Newton-Raphson hill climber

  • Roots
  • Approximate methods
  • Newton-Raphson (Newton’s method)

Description of algorithm

\[ \begin{eqnarray} 0 & \cong & f(x_0) + \frac{f^{'}(x_0)}{1} (x_1 - x_0) \end{eqnarray} \]

\[ \begin{eqnarray} x_1 & \cong & x_0 - \frac{f(x_0)}{f'(x_0)} \end{eqnarray} \]

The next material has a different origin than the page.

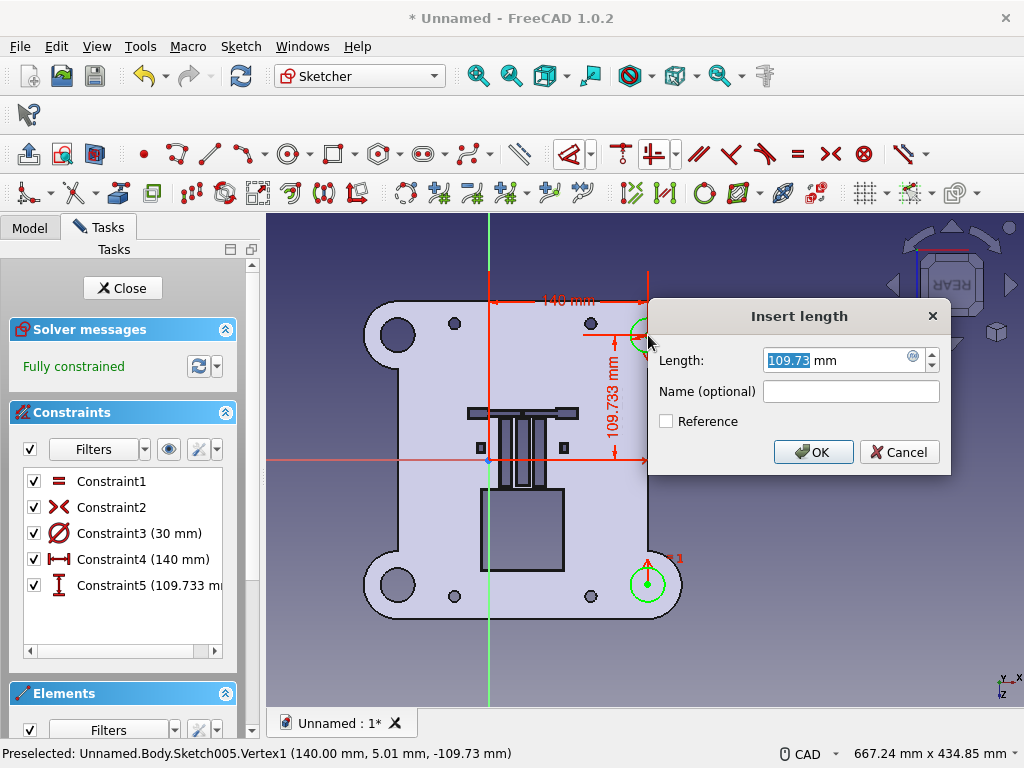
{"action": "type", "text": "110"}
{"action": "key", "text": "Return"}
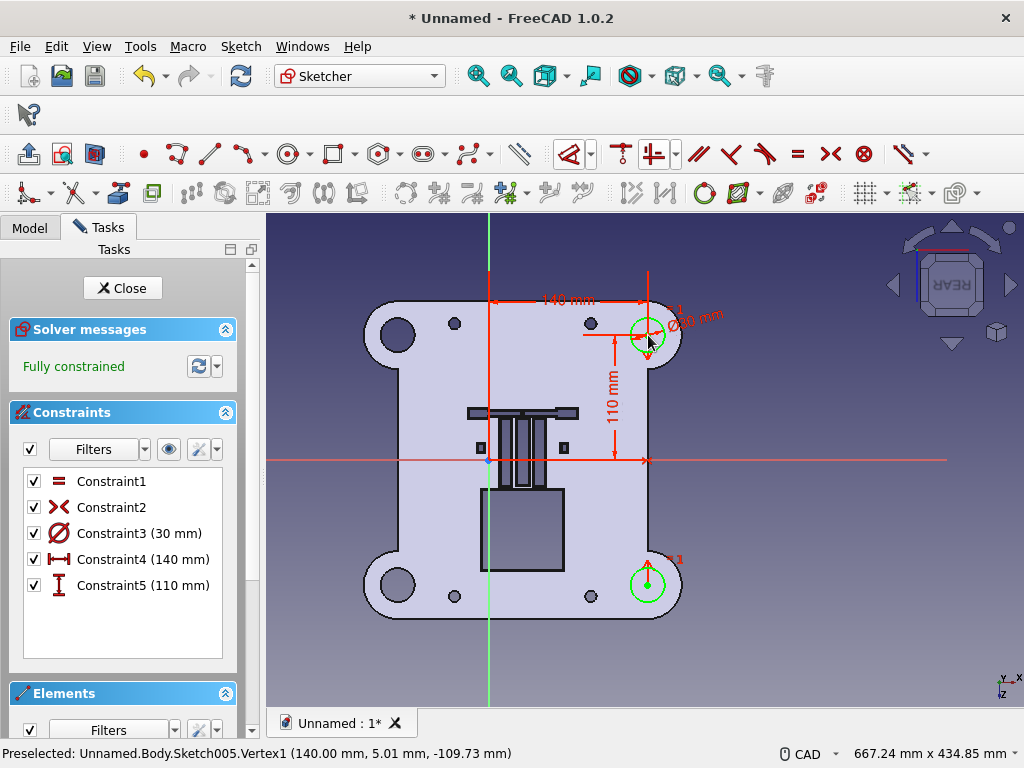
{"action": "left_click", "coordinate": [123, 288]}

\[ x_{n+1} \cong x_n - \frac{f(x_n)}{f'(x_n)} \]

Implementation in R

\[y = x^3 + 2x - 5\]

# define the function
func2 <- function(x) {
  x^3 - 2 * x - 5
}

# draw a plot of the function
range <- data_frame(x = c(-5, 5))

f0 <- range %>%
  ggplot(aes(x)) +
  stat_function(fun = func2, size = .5, linetype = 2) +
  geom_hline(yintercept = 0) +
  geom_vline(xintercept = 0) +
  labs(x = expression(x),
       y = expression(f(x)))
f0

uniroot(func2, interval = c(2, 3))
## $root
## [1] 2.09
## 
## $f.root
## [1] -0.000115
## 
## $iter
## [1] 5
## 
## $init.it
## [1] NA
## 
## $estim.prec
## [1] 6.1e-05

Implementation in R

# f - the function to optimize
# a - lower bound for the search
# b - upper bound for the search
# tol - tolerance (stopping criteria for the algorithm)
# n - maximum number of iterations to attempt. will not exceed even if
#     tolerance is not achieved

newton_raphson <- function(f, a, b, tol = 1e-5, n_iter = 1000) {
  require(numDeriv) # Package for computing f'(x)
  
  x0 <- a # Set start value to supplied lower bound
  k <- vector("numeric", length = n_iter) # Initialize for iteration results
  
  # Check the upper and lower bounds to see if approximations result in 0
  fa <- f(a)
  if (fa == 0.0) {
    return(a)
  }
  
  fb <- f(b)
  if (fb == 0.0) {
    return(b)
  }

  for (i in 1:n_iter) {
    dx <- genD(func = f, x = x0)$D[1] # First-order derivative f'(x0)
    x1 <- x0 - (f(x0) / dx) # Calculate next value x1
    k[[i]] <- x1 # Store x1
    
    # Once the difference between x0 and x1 becomes sufficiently small, output the results.
    if (abs(x1 - x0) < tol) {
      root.approx <- x1
      res <- list('root approximation' = root.approx, 'iterations' = k[1:i])
      return(res)
    }
    # If Newton-Raphson has not yet reached convergence set x1 as x0 and continue
    x0 <- x1
  }
  print('Too many iterations in method')
}
newton_raphson(f = func2, a = 2, b = 3)
## $`root approximation`
## [1] 2.09
## 
## $iterations
## [1] 2.10 2.09 2.09 2.09

Gradient descent

  • Similar to Newton-Raphson
  • Step size is proportional to the negative of the gradient of the function at the current point

    \[\mathbf{a}_{n+1} = \mathbf{a}_n-\gamma\nabla F(\mathbf{a}_n)\]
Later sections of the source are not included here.